The Unbroken Heart

Hi, my name is Paul and I’ve had a drug habit for 15 years.

It started with personal trauma, which triggered Graves’ Disease, which led to persistent atrial fibrillation (AF). I was in fib, on anticoagulants and walking around with snakes writhing in my chest for 5 months prior to being scanned, electro-converted and put onto flecainide. Thanks, NHS.

50 mg flecainide b.i.d. has kept my heart beating more or less regularly since 2007 (1). It’s been good for me. I never experienced adverse effects, nor would I expect to at such a low dose.

I admit that I didn’t take it sufficiently seriously at first. I missed doses, which meant marching off to warfarin and weekly blood tests. In the first year I had to be cardioverted twice – I don’t remember the details as I was under general anesthesia.

After that I generally took the tablets but I was travelling widely for work and couldn’t always get my drug of choice. Other anti-arrhythmic drugs didn’t work for me. I ran out of flecainide twice and lost my stash once, probably at an airport.

A missed dose meant breakthrough fib within 12 hours or so, which I could chemo-convert at 350 mg. If there were no pills in my pocket, after about a week my unruly heart would throw a clot. Once into the lungs, which made me cough until I vomited. Once into my left ankle, which left bruising halfway up my calf and made walking so very difficult. Poor oxygenation feels like extreme muscle fatigue. I forced myself to limp for miles to encourage new collaterals, and made a full recovery.

If one of those clots had entered a coronary or cerebral artery I might not be here, but during that period in my life I didn’t much care whether I lived or died.

Time passed and the world changed. I knew, however, that the characteristic inflammatory changes in the myocardium which inevitably make atrial fibrillation worse and eventually lead to drug failure, and late-stage complications such as heart failure and stroke (2), had not happened.

I was still on the dose of flecainide I started with because, I surmised, the anti-inflammatory regime I was experimenting with had prevented progressive atrial myocardial fibrosis and the related development of re-entry circuits. The original myocardial sin, however, was surely still there. Whatever future still existed would be dispensed in 50 mg b.i.d., at best.

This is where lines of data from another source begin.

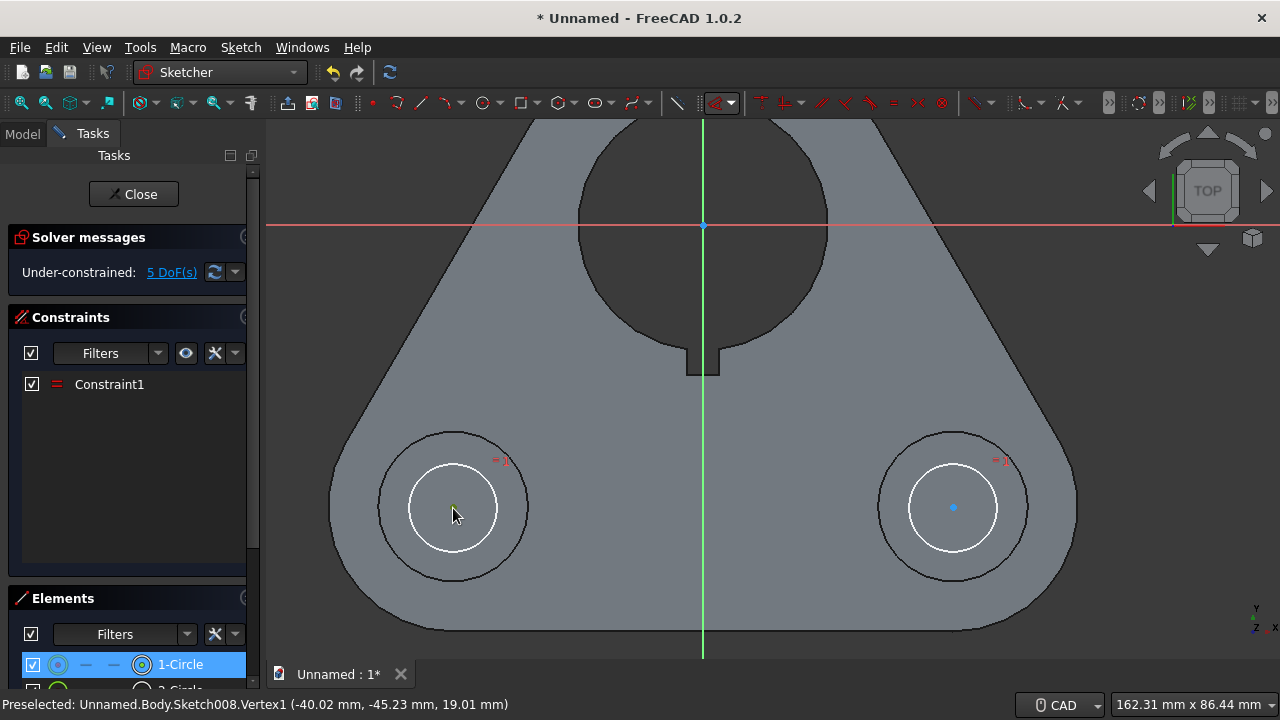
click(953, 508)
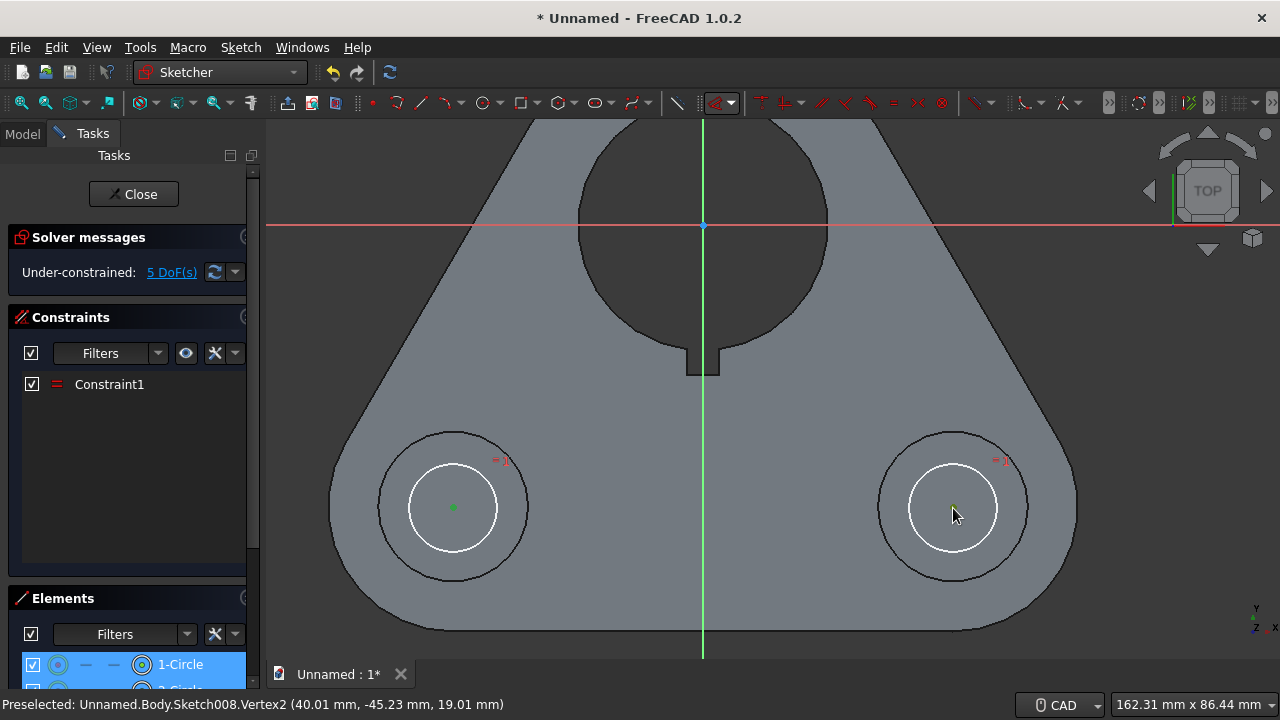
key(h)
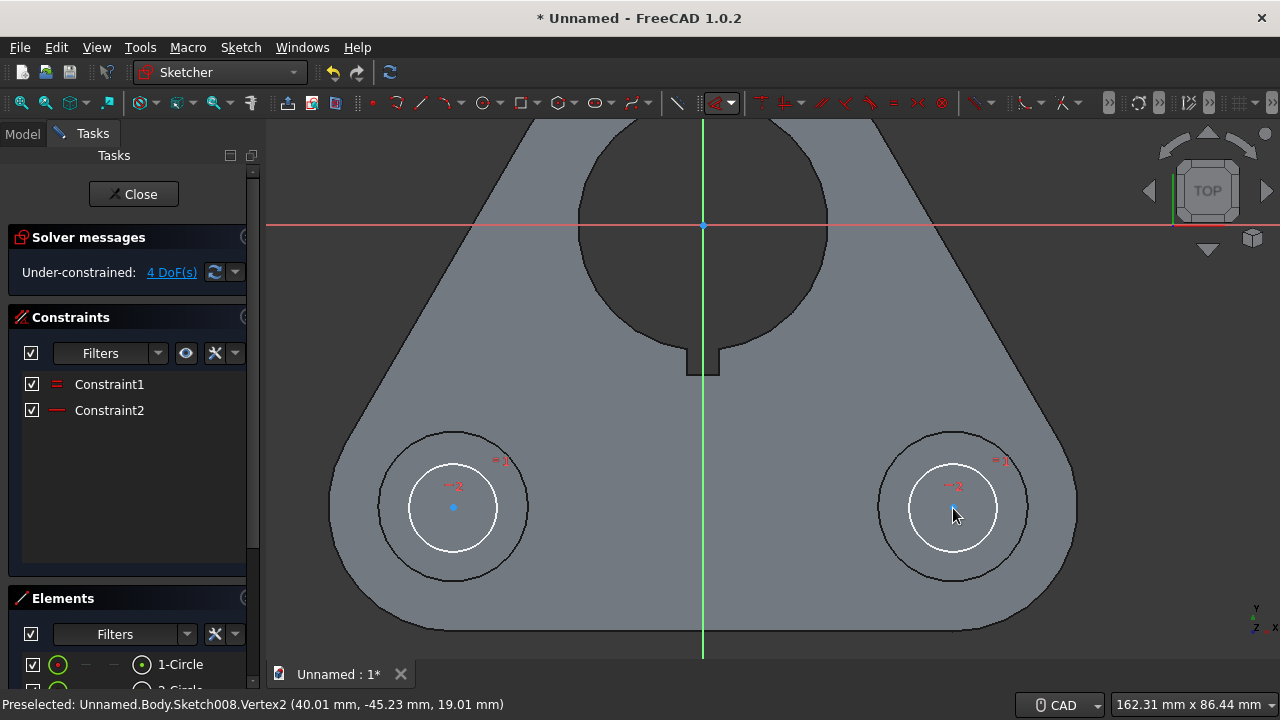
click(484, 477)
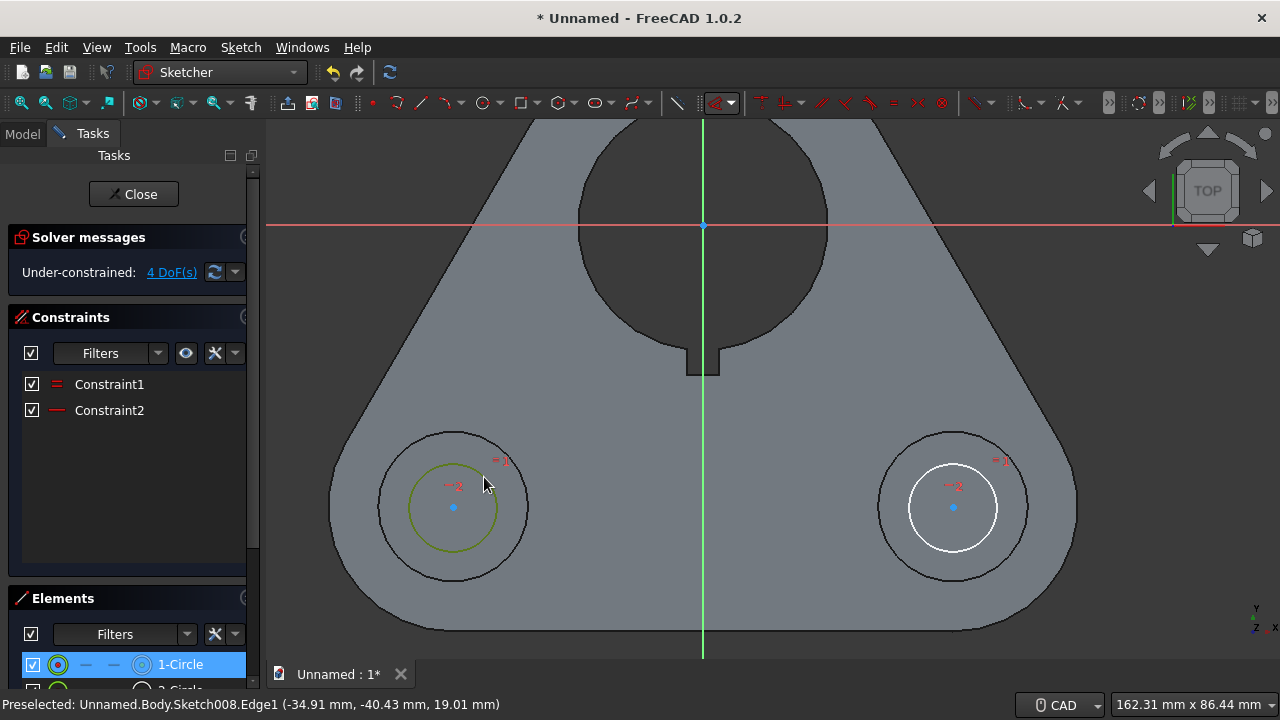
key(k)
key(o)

A few weeks ago, with work piling up in snow drifts on my desk, I forgot the evening dose. Next morning’s too. By the time I remembered what I had forgotten, my meds were 200 miles away. I expected to start fibrillating at any moment but remained in sinus rhythm until after midnight, when I got back to the office. I took the 50 mg emergency half-tab from the Ray-Ban case in the top desk drawer and fell asleep.

The next morning I woke late, but still in time. I began to wonder if the heart could heal itself.

It is well known that a form of short-term healing is possible. Flecainide loses much of its ability to cardiovert when atrial fibrillation has been present for more than 24 hours, probably due to atrial electrical remodeling involving changes in the spatial distribution and function of ion channels.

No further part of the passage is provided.